The answer to why everybody is mad at rich people (who actually do not create jobs, have better genes or work harder than the rest of us) can be found in a new study by the Russell Sage Foundation, a New York research group, on how the Great Recession affected Americans' wealth. The typical household's wealth has been slashed by 43 percent since 2007, the year the recession began, tumbling from $98,872 to $56,335, according to the study.
For the top 5 percent of Americans, however, the story has been much different: Their net worth fell, too, but only by 16 percent, to $1.36 million from $1.63 million.
And looking at the slightly longer term, over the past decade, median household wealth is down 36 percent, while the household wealth of the top 5 percent is up 14 percent.
Here's another way of looking at it, an even longer-term view. This chart, from the Russell Sage report, tracks the change in wealth for various groups of Americans going all the way back to 1984.
As you can see, for people at the very top of the wealth pile, their net worth has nearly doubled in the past 30 years.

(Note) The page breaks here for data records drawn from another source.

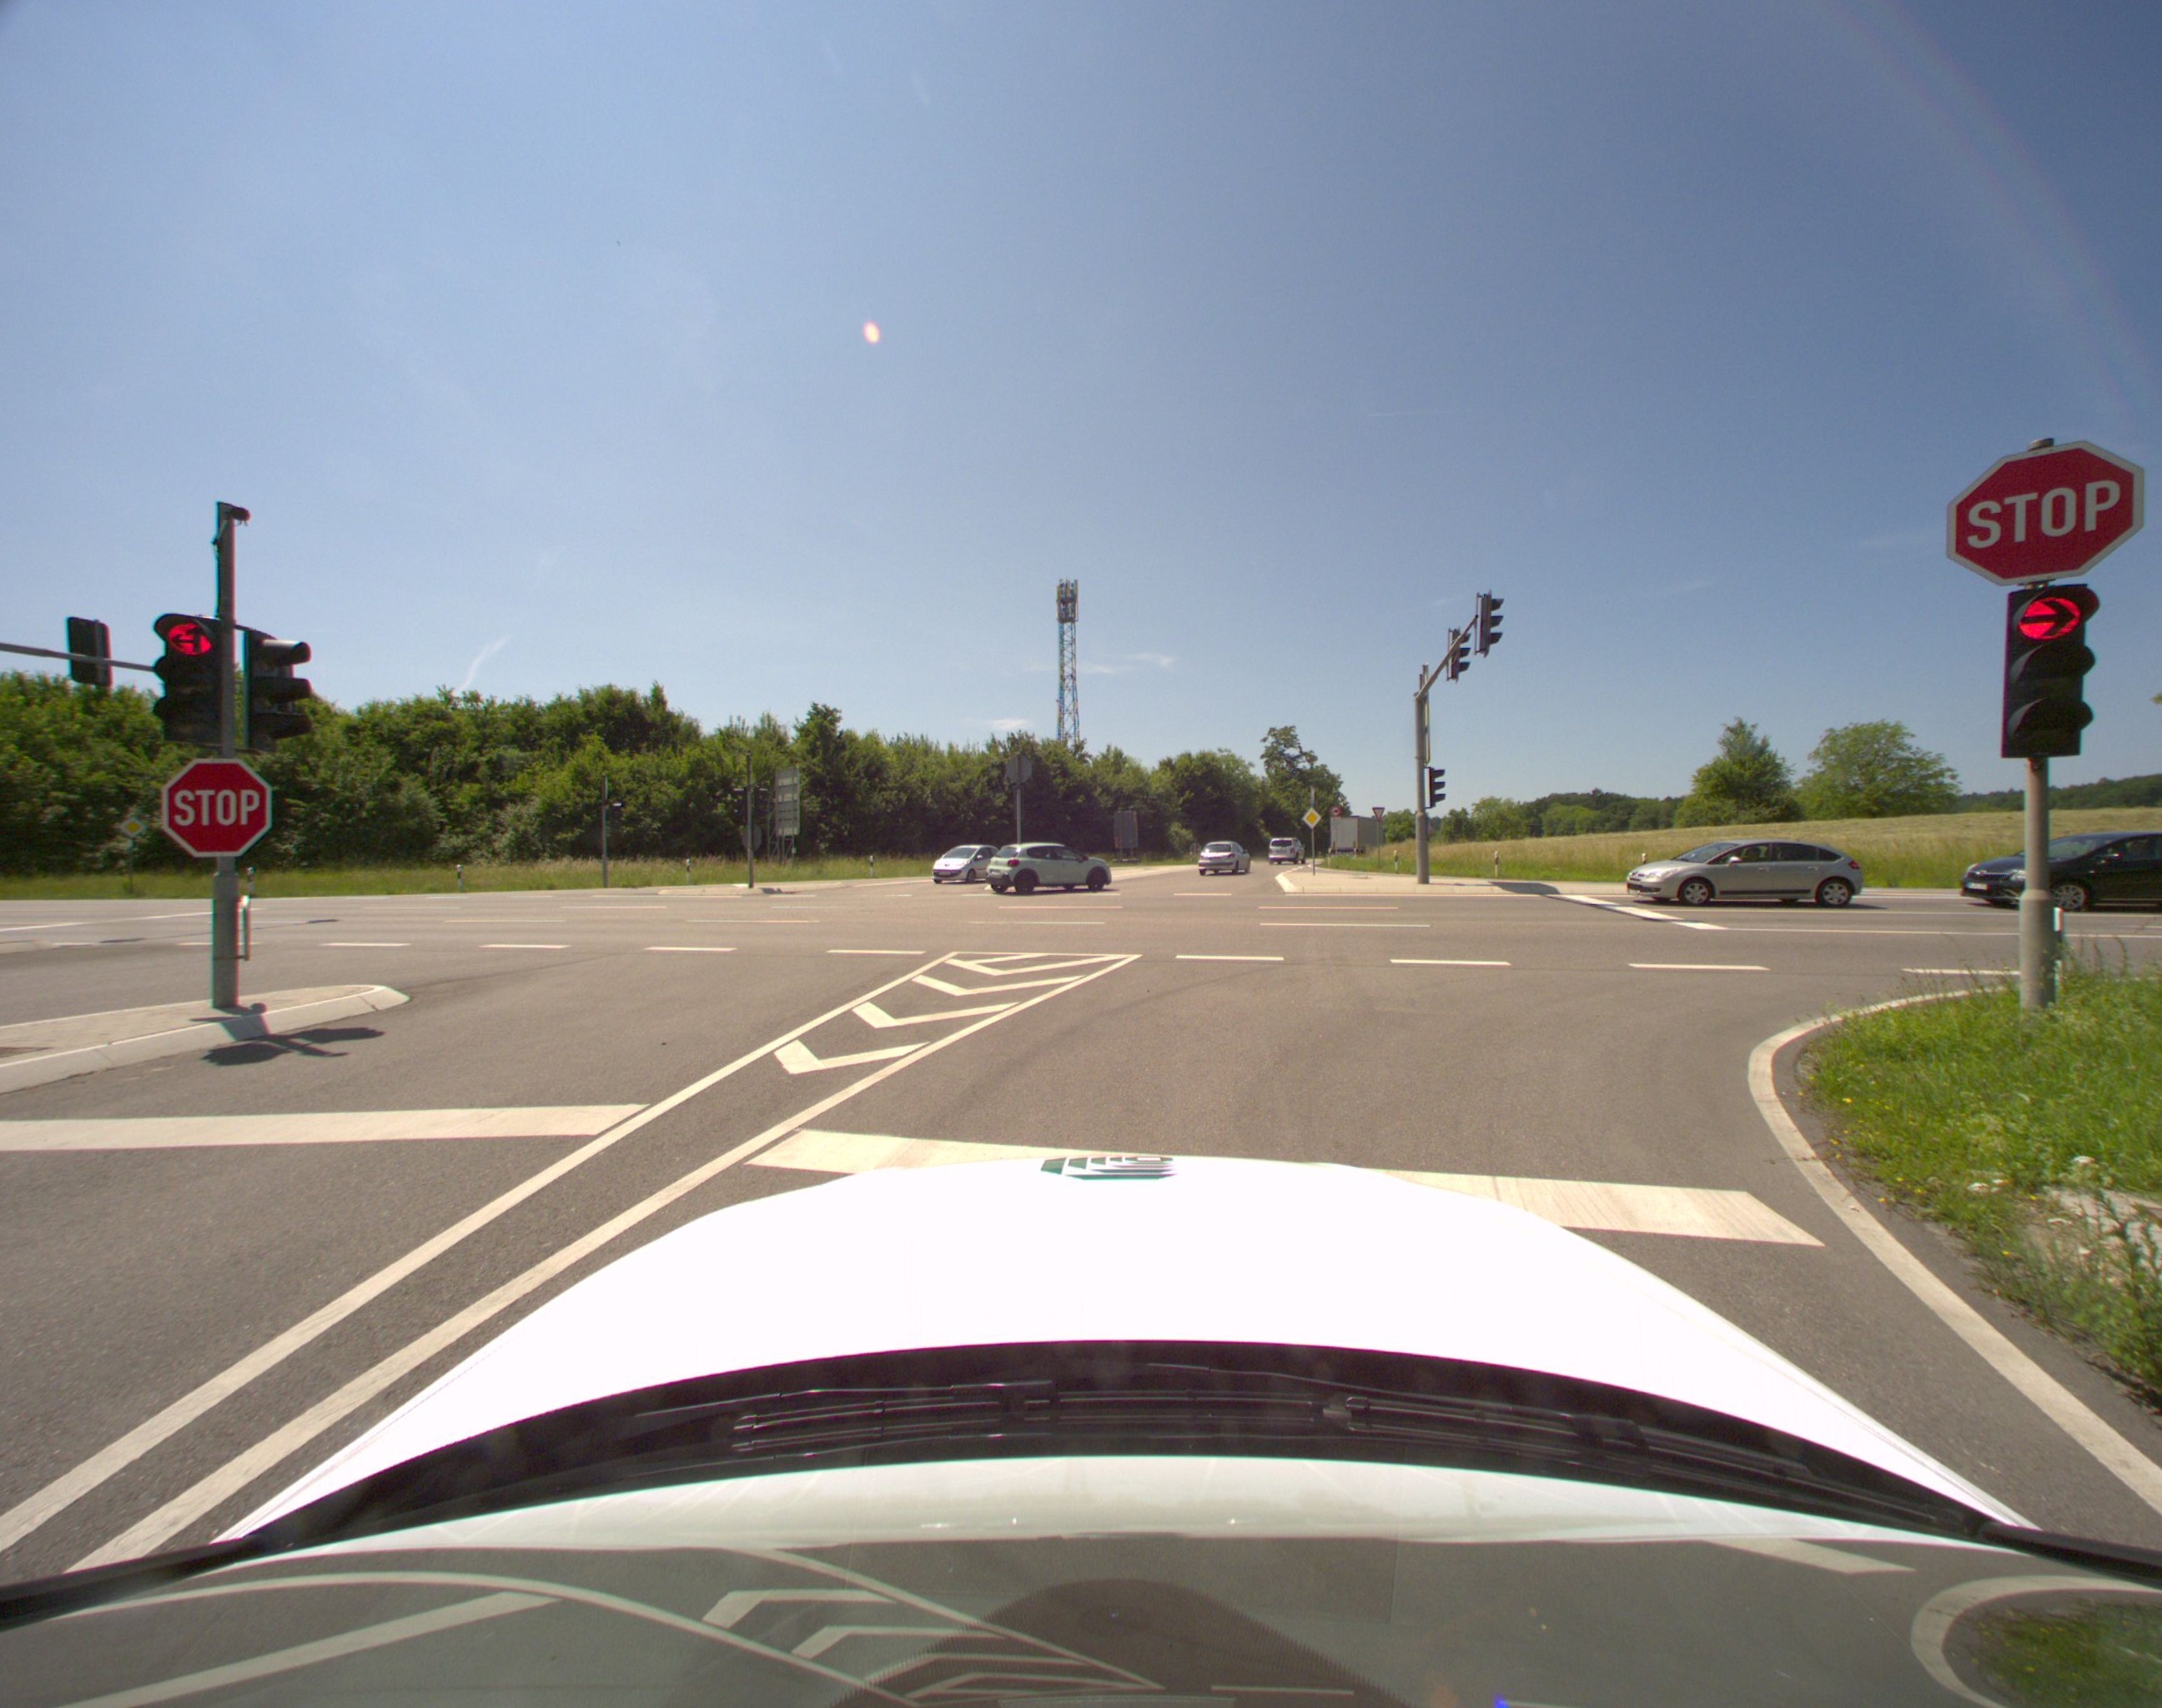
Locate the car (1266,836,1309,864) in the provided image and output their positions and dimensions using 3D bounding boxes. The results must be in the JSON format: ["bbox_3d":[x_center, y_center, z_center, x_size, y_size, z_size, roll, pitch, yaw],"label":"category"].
[{"bbox_3d":[13.083,-0.288,51.493,1.796,1.624,4.084,-1,1,26],"label":"car"}]

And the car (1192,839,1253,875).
[{"bbox_3d":[6.275,0.091,35.813,1.797,1.413,3.804,-1,2,22],"label":"car"}]

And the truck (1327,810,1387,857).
[{"bbox_3d":[27.561,-1.924,80.500,3.096,4.172,16.787,-1,0,27],"label":"truck"}]

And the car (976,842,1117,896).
[{"bbox_3d":[-1.012,0.391,24.901,4.002,1.404,1.717,-3,3,-34],"label":"car"}]

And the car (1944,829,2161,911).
[{"bbox_3d":[21.029,0.291,16.658,4.335,1.553,1.737,0,2,16],"label":"car"}]

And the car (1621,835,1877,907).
[{"bbox_3d":[14.843,0.345,18.342,4.128,1.469,1.736,0,2,13],"label":"car"}]

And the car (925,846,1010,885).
[{"bbox_3d":[-4.361,0.398,31.726,1.551,1.370,3.552,0,1,25],"label":"car"}]
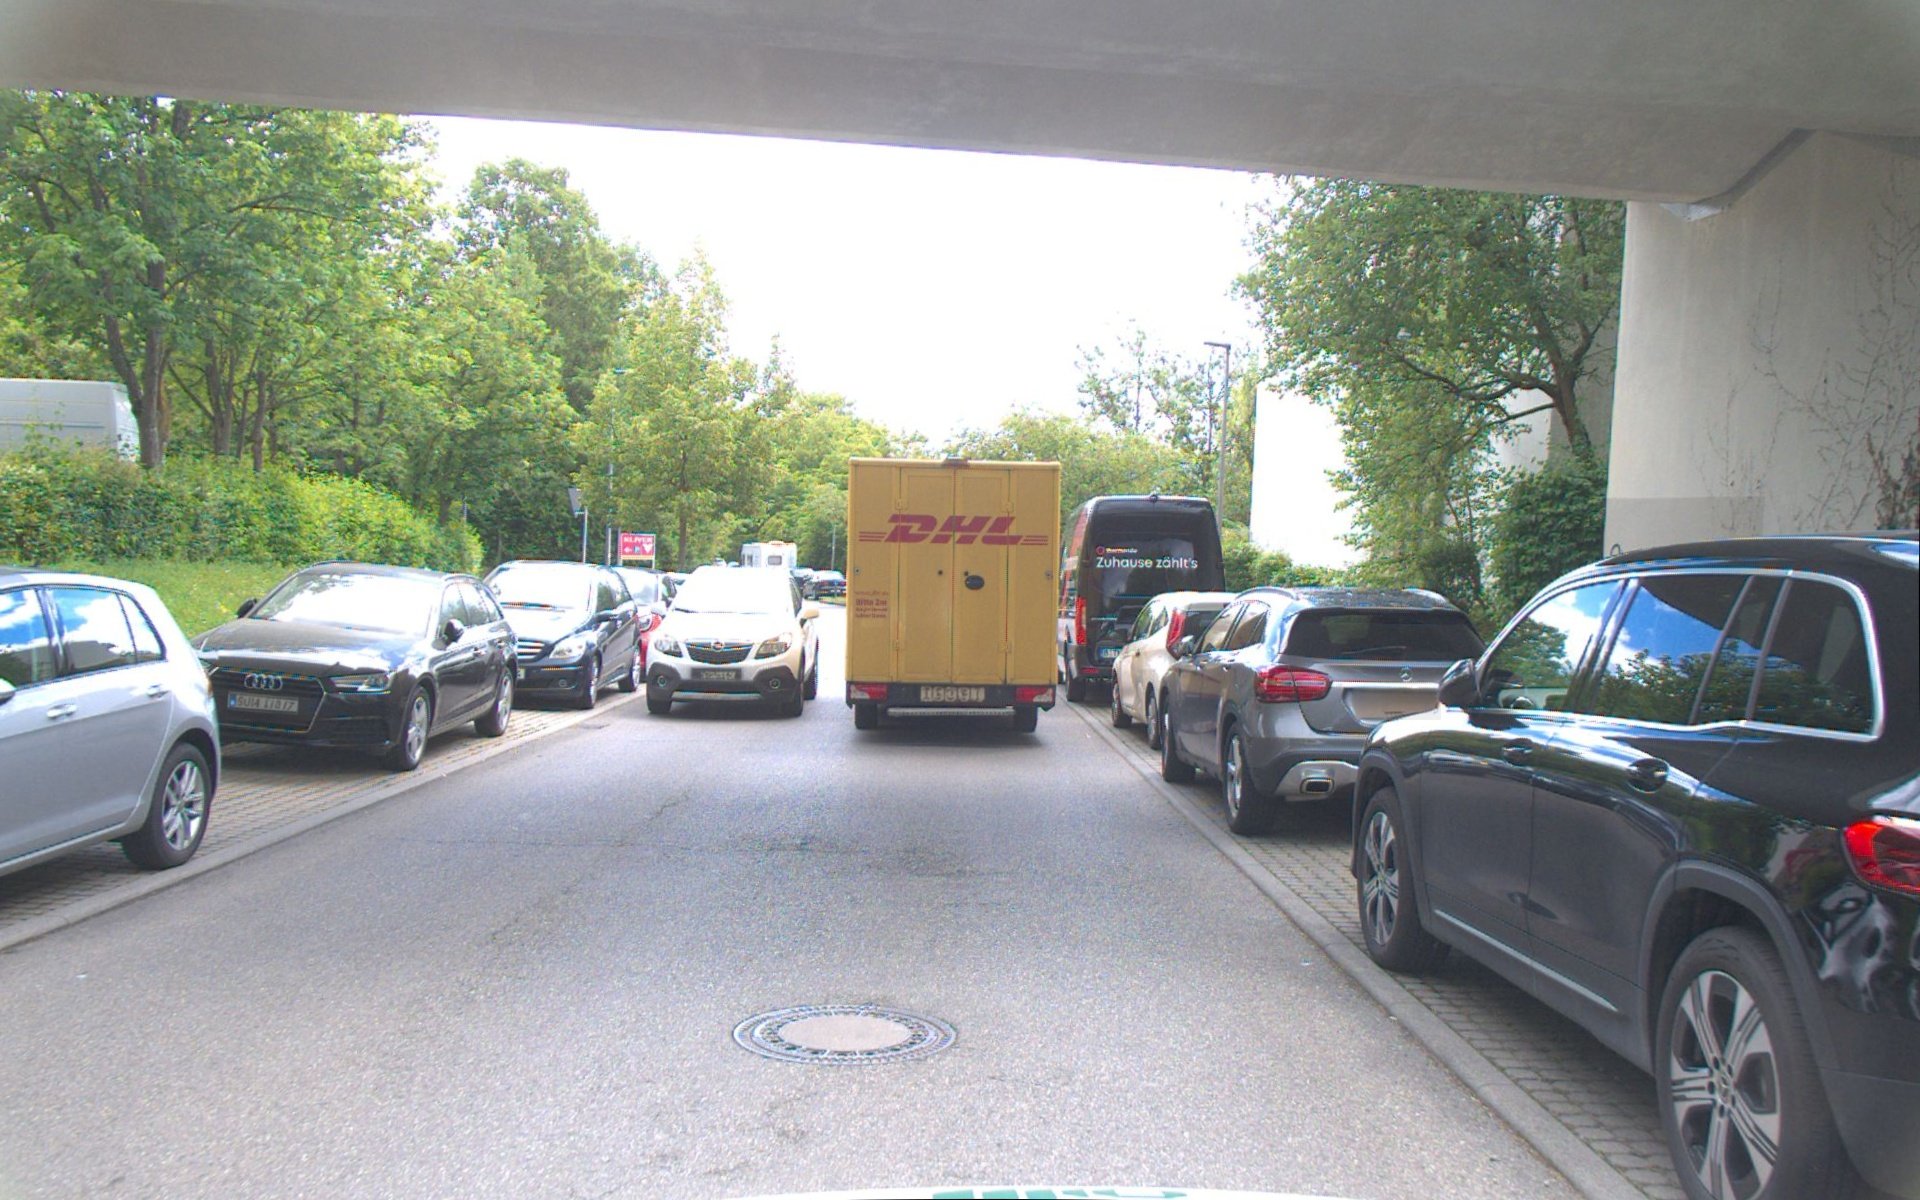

Median wealth, on the other hand, is lower than it was 30 years ago. The Reagan Revolution mostly benefited a lucky few, helping widen wealth inequality, a trend that seems likely to continue for the foreseeable future.
Meanwhile, at the bottom of the wealth pile, net worth has been more than cut in half over the past decade. The rich have benefited from a soaring stock market in the past five years. Some middle-class homeowners have scratched back some wealth thanks to a partial rebound in home prices. The poor, on the other hand, have no such assets, and their debts have piled higher -- debts, in many cases, owed to the wealthy.